Мачульский, Бондарь и Бельский с наступлением ночи отправились в Красную Слободу, Копыль, Гресск, а мне предстояло связаться с полесскими районами. Мы считали также, что Мачульскому надо попытаться добраться до Минска, побывать в Борисове, Плещеницах.

На следующий день ко мне пришел Бердникович, и мы с ним отправились в деревню Рог. Любопытно было посмотреть, что там за бойцы, о которых так много говорили как о людях не очень дисциплинированных и беззаботных.

Деревня Рог напоминала Красный Берег. Такая же по величине, с такими же хатами. Только болот вокруг меньше да грунтовые дороги проходят не так далеко, как в районе Красного Берега.

На улице безлюдно. Одна женщина вышла со двора с пустым ведром, сделала шагов пять нам навстречу, потом, блеснув глазами, быстро вернулась назад. Вскоре вышел парень в военной гимнастерке и уставился на нас пытливым взглядом.

– Что, не узнал? – насмешливо спросил Бердникович. – Не бойся, люди свои.

– Вас-то я узнал, – холодно ответил парень и не двинулся с места.

– Из тех самых? – тихо спросил я, когда мы немного отошли.

– Из них, – ответил Бердникович, – самый главный авторитет!

– Фашистов еще не было здесь?

– Нет, фашисты еще не заглядывали, а вот житковичские полицейские, – не скрывая тревоги, рассказывал Бердникович, – повадились сюда, уже несколько раз были.
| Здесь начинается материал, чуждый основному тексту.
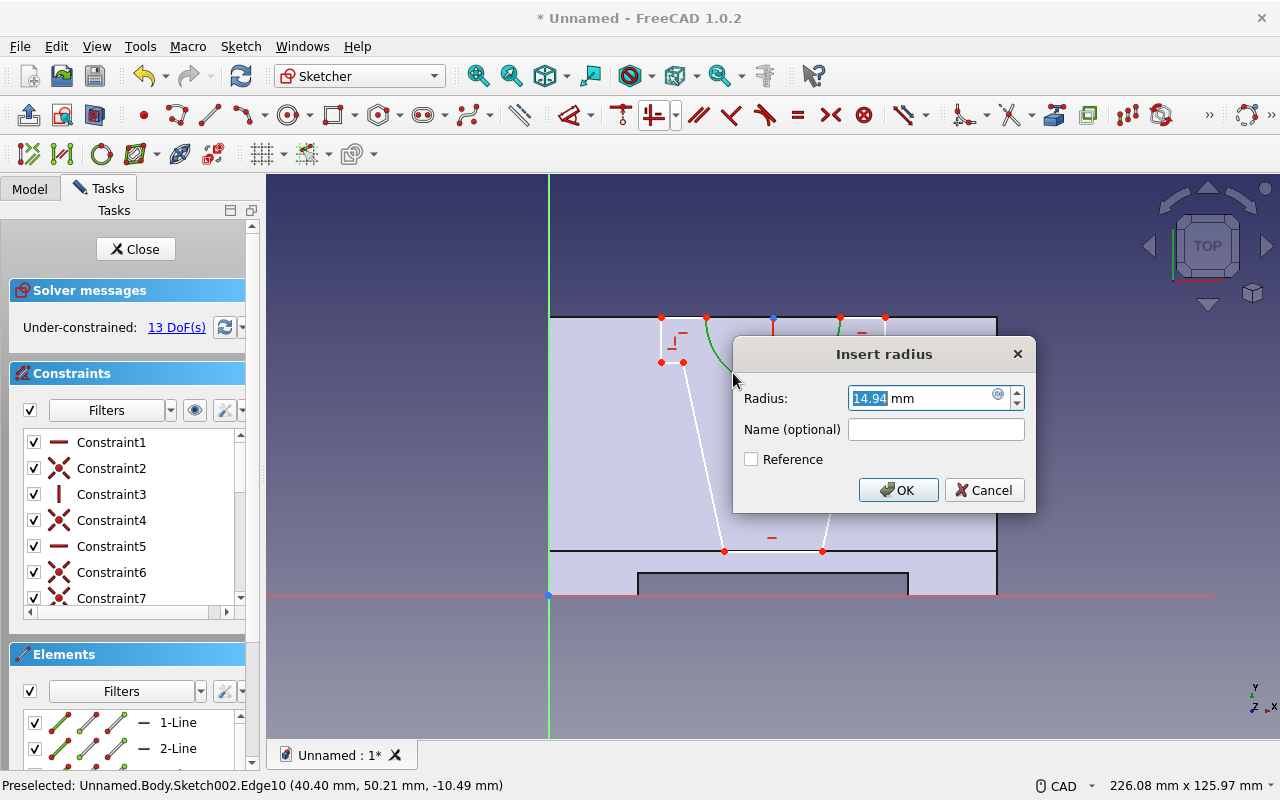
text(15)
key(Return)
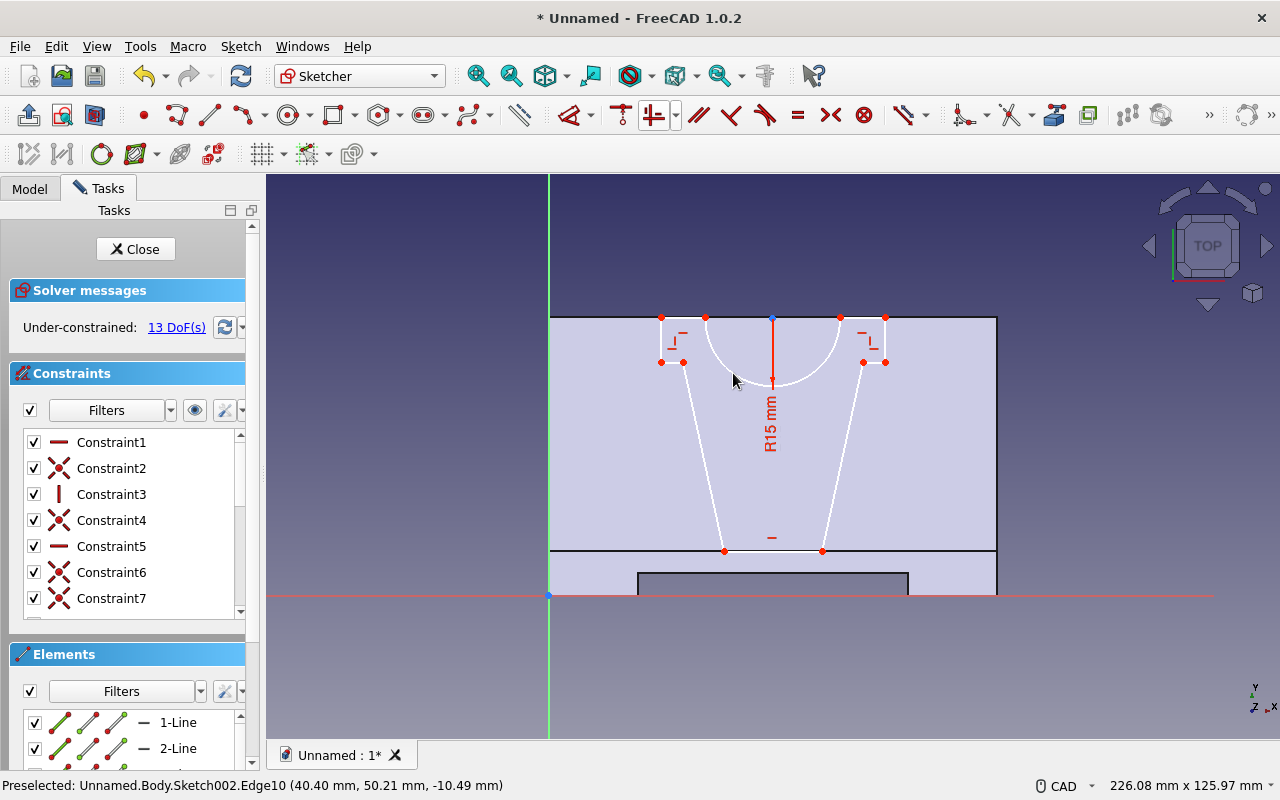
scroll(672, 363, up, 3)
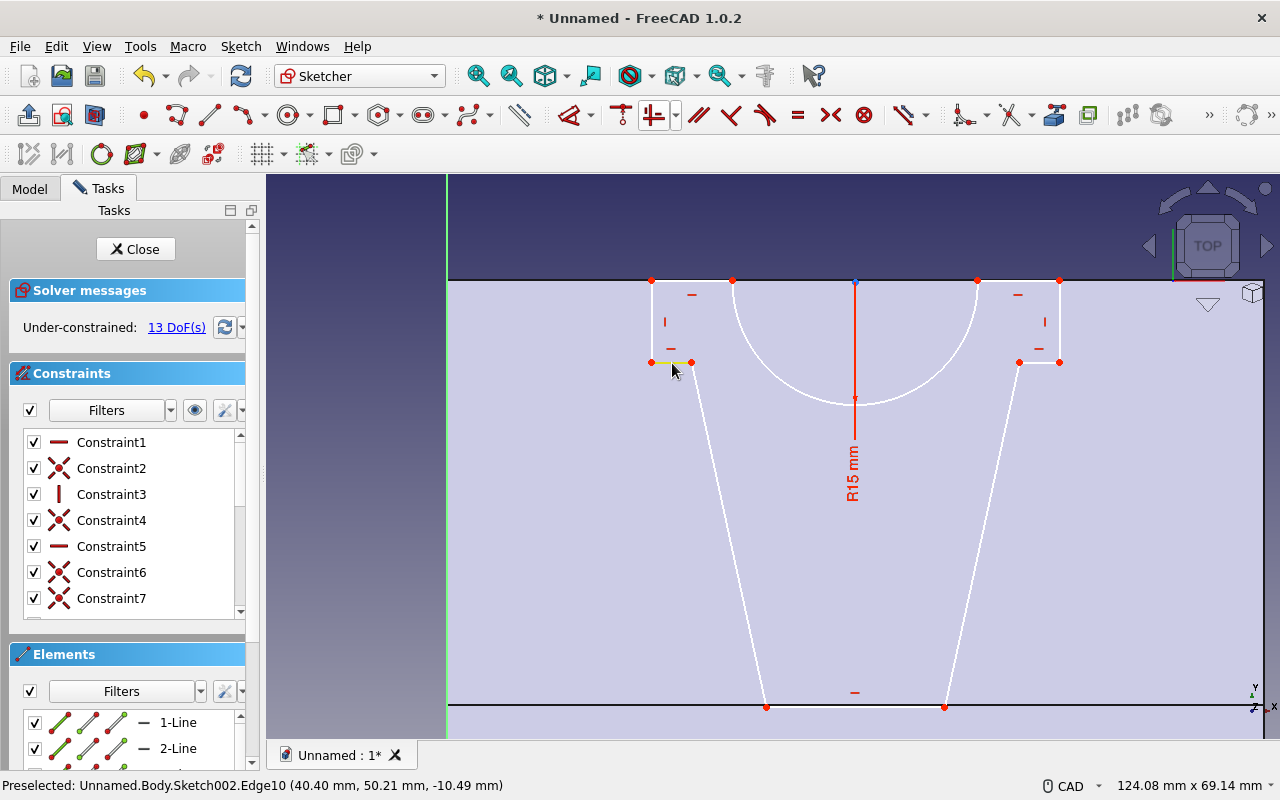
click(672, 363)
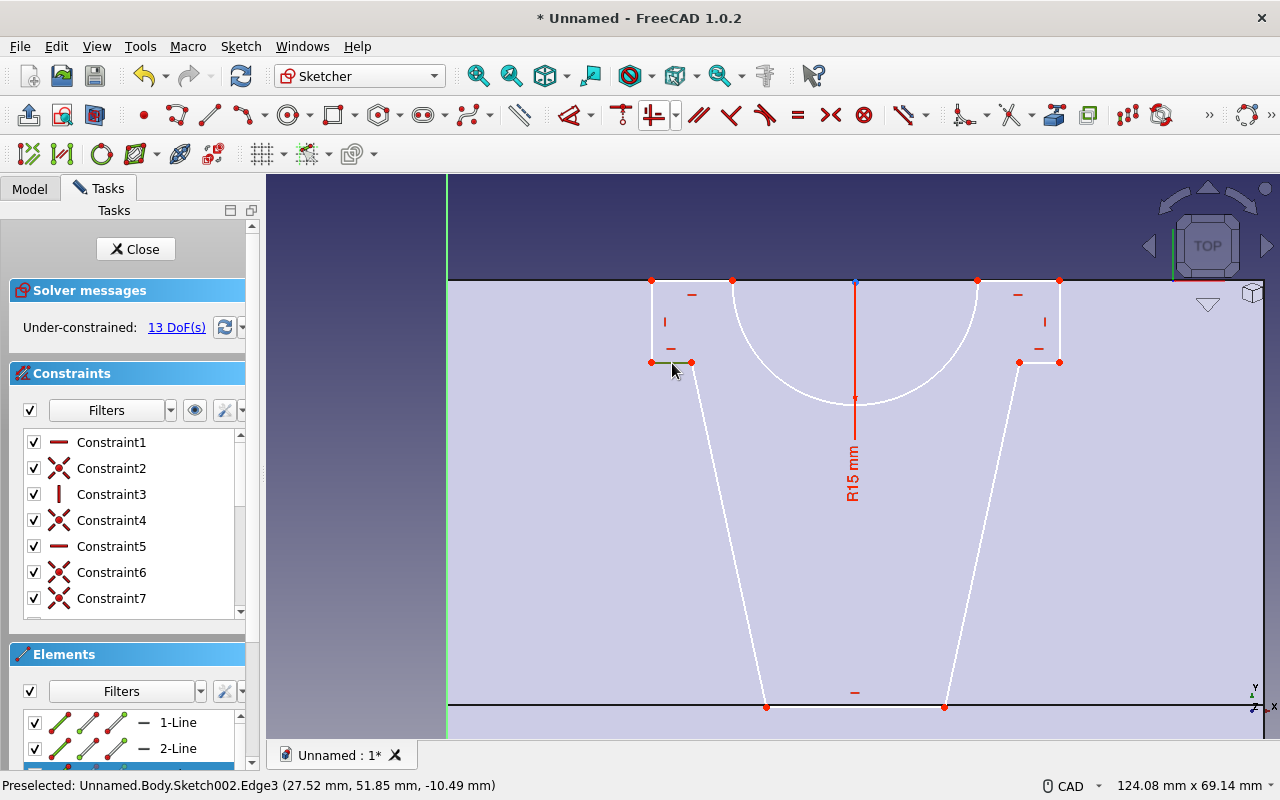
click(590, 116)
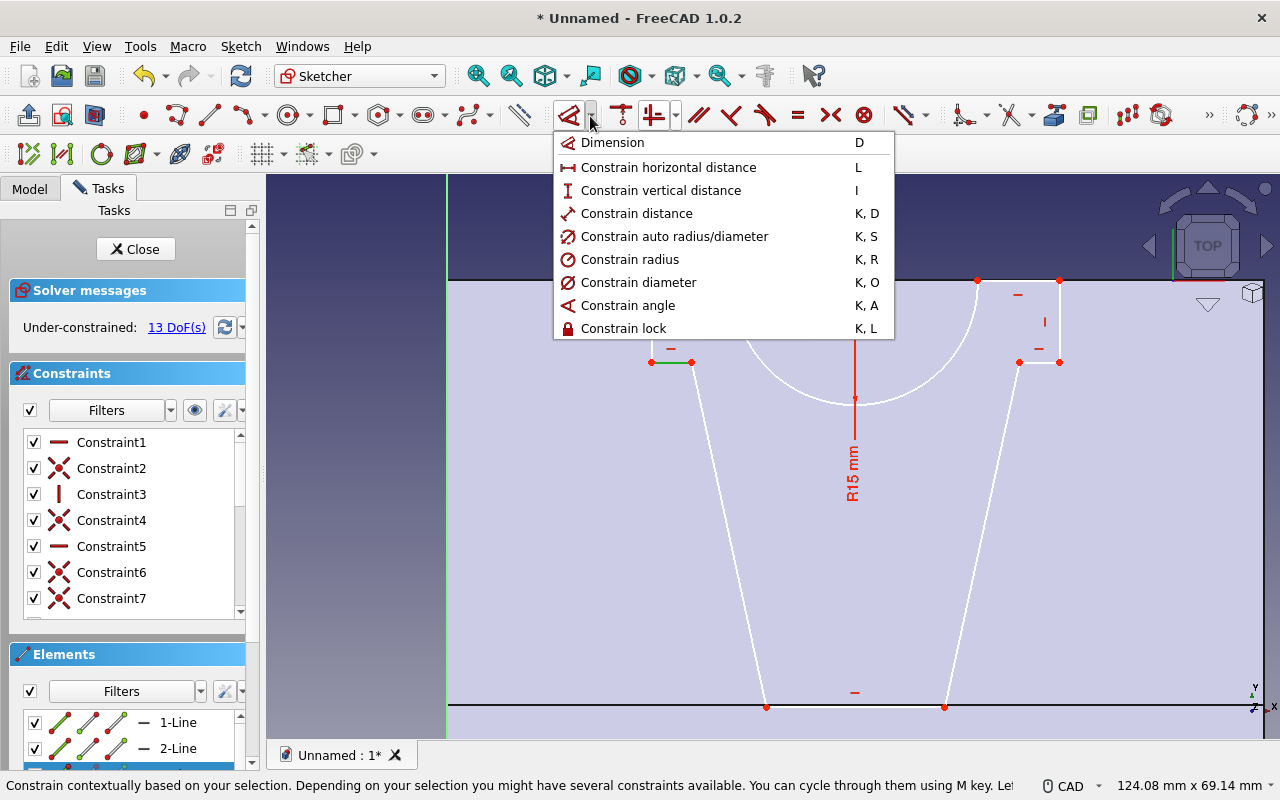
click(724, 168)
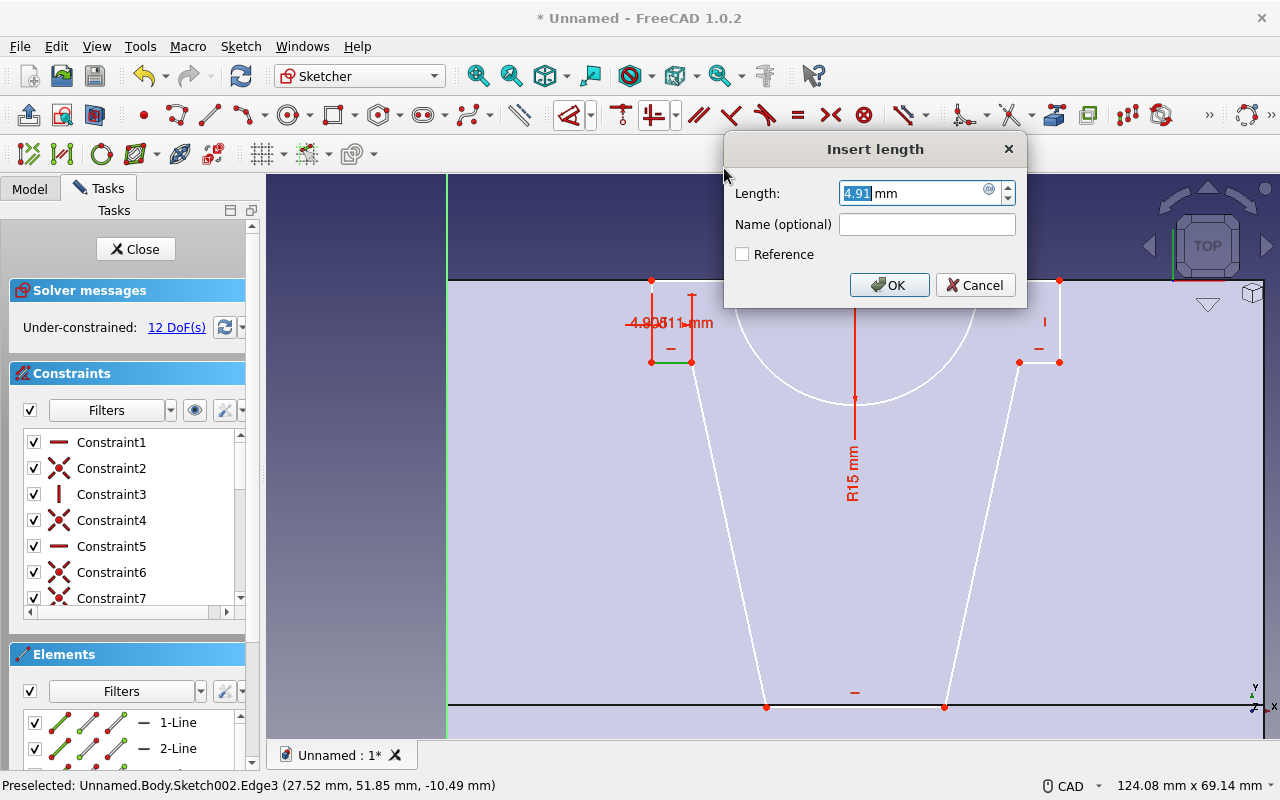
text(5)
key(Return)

Все этих ребят выслеживают. Недавно нашли одного, еще совсем больного, с тяжелой раной в груди. Вытащили из каморки, взвалили на телегу и увезли. А женщину, которая прятала парня, избили до полусмерти.

Мы зашли в небольшую хату в конце деревни. Встретила нас молодая хозяйка, в белом платке, смуглая, с бойкими карими глазами. Бердниковичу она сдержанно кивнула головой, а на меня посмотрела долгим испытующим взглядом.

– Свои, – сказал Бердникович. – Принимай гостей, Наталья.

Он, видимо, на правах близкого человека в этом доме пригласил меня сесть, не ожидая, пока это сделает хозяйка, потом присел у стола сам. Наталья все бросала на меня короткие пытливые взгляды.

– А где же твоя старуха? – обратился к ней Бердникович.

– А там где-то, на огороде, – быстро ответила Наталья, – с картошкой мы еще не управились. Может, позвать?

– Нет, не надо, пусть себе копается. А молодой твой где?

Женщина вспыхнула:

– Какой молодой?

– Ну, тот самый, с зелеными петлицами.

– Какой же он мой? – вдруг повысила голос Наталья. – Какой же он мой?! – И, обращаясь уже ко мне, с жаром продолжала: – Человек кровью истекал, пуля плечо насквозь пробила, ну, подобрала я, выходила. Так разве ж это мой? Поправился, встал на ноги и пускай себе идет, куда надо… Я давно ему говорю, чтобы шел к своим, на фронт. И он пойдет, вот только еще один его товарищ поправится.